Highlights & Insights¶

Applying Matrix Decomposition to Attention: Frameworking parameterization via \(P=H\Lambda H^\top\) decouples the design into "choosing eigenvalues" and "choosing transformations," making it highly transferable.
Rank-Generalized WY Representation as a Foundation: The introduction of the \(\mathrm{triu}_{r_1\times r_2}\) block operator provides a universal training substrate for future linear attention models with arbitrary rank structures.
"Erase then Write" from TTT perspective: The update is interpreted as penalizing redundancy before writing new values, providing an optimization-centric explanation for the effectiveness of rank-2 structures.

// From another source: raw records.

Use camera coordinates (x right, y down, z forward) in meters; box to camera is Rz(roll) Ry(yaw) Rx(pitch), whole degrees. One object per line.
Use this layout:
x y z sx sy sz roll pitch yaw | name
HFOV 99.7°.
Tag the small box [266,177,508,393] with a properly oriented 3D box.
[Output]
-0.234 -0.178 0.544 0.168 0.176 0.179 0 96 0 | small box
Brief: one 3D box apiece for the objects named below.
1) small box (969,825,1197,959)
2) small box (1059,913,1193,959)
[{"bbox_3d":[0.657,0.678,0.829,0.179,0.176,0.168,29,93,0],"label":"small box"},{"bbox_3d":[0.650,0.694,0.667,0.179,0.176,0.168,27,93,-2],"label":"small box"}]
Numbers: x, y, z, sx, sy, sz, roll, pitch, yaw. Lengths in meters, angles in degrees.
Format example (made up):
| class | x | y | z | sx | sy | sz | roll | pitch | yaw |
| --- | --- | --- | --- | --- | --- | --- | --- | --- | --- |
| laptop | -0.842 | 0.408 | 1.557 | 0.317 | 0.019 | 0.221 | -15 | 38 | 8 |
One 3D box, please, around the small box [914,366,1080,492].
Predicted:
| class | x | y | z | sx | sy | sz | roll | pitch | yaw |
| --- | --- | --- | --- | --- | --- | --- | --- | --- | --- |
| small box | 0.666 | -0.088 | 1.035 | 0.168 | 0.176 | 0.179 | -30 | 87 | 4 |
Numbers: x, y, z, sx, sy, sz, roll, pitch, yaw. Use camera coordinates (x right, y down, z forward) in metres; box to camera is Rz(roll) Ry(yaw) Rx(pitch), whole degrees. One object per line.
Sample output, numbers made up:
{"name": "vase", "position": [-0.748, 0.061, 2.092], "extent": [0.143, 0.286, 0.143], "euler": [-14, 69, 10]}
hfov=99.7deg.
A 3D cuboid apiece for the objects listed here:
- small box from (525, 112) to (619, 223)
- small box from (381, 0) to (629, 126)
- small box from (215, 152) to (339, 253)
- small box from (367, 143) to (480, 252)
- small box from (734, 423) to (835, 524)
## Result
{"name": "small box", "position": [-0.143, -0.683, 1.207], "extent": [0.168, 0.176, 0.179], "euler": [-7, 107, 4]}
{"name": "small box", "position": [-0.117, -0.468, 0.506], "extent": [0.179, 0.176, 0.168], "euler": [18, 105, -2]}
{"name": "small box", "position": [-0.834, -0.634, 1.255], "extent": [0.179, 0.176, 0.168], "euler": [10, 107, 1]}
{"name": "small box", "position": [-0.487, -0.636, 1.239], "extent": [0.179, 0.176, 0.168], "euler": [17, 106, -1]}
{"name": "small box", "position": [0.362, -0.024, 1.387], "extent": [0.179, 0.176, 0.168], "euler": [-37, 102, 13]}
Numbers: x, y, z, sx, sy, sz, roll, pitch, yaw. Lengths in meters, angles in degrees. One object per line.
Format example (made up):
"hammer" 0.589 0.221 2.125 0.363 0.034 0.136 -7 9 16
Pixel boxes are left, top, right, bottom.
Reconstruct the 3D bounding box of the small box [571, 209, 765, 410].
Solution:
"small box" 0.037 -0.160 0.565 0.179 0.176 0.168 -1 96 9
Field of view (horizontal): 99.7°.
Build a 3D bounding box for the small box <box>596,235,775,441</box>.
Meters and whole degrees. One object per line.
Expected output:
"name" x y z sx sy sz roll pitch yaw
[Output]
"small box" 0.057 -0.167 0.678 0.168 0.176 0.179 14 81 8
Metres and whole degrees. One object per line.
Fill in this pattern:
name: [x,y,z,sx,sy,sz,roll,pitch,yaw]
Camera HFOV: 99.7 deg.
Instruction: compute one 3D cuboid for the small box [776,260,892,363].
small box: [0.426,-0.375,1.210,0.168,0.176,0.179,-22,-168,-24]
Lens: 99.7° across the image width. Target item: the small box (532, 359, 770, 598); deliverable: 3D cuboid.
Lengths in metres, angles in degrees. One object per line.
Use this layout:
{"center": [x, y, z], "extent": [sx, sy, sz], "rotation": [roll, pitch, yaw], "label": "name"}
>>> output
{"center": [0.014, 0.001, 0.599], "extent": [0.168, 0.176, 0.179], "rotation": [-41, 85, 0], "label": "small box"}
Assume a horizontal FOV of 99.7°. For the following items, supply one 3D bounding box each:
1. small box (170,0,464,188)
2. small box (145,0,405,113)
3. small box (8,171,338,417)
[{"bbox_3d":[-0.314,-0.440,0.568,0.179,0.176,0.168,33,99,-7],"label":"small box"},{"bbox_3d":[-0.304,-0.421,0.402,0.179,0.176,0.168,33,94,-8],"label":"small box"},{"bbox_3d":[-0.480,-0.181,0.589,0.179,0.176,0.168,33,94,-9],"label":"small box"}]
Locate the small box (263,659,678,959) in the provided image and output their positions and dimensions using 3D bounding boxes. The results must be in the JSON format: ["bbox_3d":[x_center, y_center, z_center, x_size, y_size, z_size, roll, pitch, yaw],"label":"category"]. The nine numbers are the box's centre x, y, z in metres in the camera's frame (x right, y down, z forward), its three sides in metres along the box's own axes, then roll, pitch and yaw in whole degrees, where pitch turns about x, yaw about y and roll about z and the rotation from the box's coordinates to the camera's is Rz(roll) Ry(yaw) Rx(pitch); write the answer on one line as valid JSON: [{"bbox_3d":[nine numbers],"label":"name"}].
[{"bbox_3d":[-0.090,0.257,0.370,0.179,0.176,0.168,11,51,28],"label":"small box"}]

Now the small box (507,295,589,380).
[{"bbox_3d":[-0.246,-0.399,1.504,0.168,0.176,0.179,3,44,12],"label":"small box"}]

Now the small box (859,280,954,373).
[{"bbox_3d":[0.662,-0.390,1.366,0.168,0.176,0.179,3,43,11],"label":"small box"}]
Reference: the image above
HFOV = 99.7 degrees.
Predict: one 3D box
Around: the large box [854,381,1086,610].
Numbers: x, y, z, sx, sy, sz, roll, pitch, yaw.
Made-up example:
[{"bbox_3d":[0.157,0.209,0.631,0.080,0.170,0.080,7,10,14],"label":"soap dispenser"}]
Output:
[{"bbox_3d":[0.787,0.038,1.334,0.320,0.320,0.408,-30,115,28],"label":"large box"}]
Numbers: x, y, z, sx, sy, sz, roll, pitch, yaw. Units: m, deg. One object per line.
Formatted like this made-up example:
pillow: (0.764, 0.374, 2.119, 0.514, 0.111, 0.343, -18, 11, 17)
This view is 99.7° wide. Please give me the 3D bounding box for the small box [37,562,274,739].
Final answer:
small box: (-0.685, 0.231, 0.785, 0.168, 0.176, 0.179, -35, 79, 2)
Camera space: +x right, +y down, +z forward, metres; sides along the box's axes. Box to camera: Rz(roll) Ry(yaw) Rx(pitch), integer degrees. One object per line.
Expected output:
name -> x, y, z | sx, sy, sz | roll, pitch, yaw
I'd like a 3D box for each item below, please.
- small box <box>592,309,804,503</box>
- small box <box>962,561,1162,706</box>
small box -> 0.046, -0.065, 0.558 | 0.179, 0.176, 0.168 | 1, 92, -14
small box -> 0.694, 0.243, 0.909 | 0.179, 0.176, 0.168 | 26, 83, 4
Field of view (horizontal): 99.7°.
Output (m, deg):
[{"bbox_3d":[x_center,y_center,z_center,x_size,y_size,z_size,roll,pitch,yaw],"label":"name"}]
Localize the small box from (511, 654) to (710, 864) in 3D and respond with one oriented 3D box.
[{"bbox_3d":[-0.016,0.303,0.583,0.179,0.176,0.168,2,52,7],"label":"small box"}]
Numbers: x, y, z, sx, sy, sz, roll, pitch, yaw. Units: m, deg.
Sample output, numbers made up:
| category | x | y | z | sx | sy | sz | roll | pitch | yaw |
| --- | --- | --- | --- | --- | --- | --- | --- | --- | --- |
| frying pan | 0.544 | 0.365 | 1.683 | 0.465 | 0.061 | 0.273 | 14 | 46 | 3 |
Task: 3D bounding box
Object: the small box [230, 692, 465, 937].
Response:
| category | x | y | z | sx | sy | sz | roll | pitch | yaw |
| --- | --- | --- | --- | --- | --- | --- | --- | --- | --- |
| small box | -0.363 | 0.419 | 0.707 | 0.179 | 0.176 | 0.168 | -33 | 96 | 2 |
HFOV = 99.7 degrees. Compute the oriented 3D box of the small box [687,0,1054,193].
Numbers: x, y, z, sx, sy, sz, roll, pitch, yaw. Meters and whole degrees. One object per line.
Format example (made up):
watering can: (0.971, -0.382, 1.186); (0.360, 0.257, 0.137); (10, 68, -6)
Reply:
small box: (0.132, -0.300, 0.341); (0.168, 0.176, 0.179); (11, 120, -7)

Limitations & Future Work¶

Bottlenecked by Hidden State Size: Linear attention's fixed-size state limits cross-step retrieval, maintaining a gap with Llama on RULER.
Structural Ceiling: While this work raises the ceiling from rank-1 to rank-2, the benefits of rank-3+ structured decay remain systematically unexplored.
Future Directions: Mitigating recency bias through sliding windows or global attention biases (e.g., ATLAS) could further close the retrieval gap with Softmax.

vs Gated DeltaNet / DeltaNet: These use "diagonal + rank-1" structures. HDLA utilizes dual Householder transforms to reach "diagonal + rank-2," leading in memory and retrieval with minimal additional \(O(d_k)\) overhead.
vs Gated DeltaProduct: GDP stacks rank via iterations without strong structure; HDLA achieves better performance at half the computational cost of GDP3.
vs ParallelFlow: ParallelFlow supports "Identity + rank-n" partial parallelism but does not accommodate arbitrary diagonal terms common in linear attention; HDLA's algorithm supports both.

Rating¶

Novelty: ⭐⭐⭐⭐⭐ Systematically advances linear attention decay from rank-1 to structured rank-2 with a universal algorithm.
Experimental Thoroughness: ⭐⭐⭐⭐⭐ Covers multiple tasks (MAD, Zoology, RULER), scales, and rigorous computational comparisons.
Writing Quality: ⭐⭐⭐⭐ Theoretically rigorous, though some core derivations are dense and moved to the appendix.
Value: ⭐⭐⭐⭐⭐ Provides both a high-performance model and a reusable rank-generalized training foundation.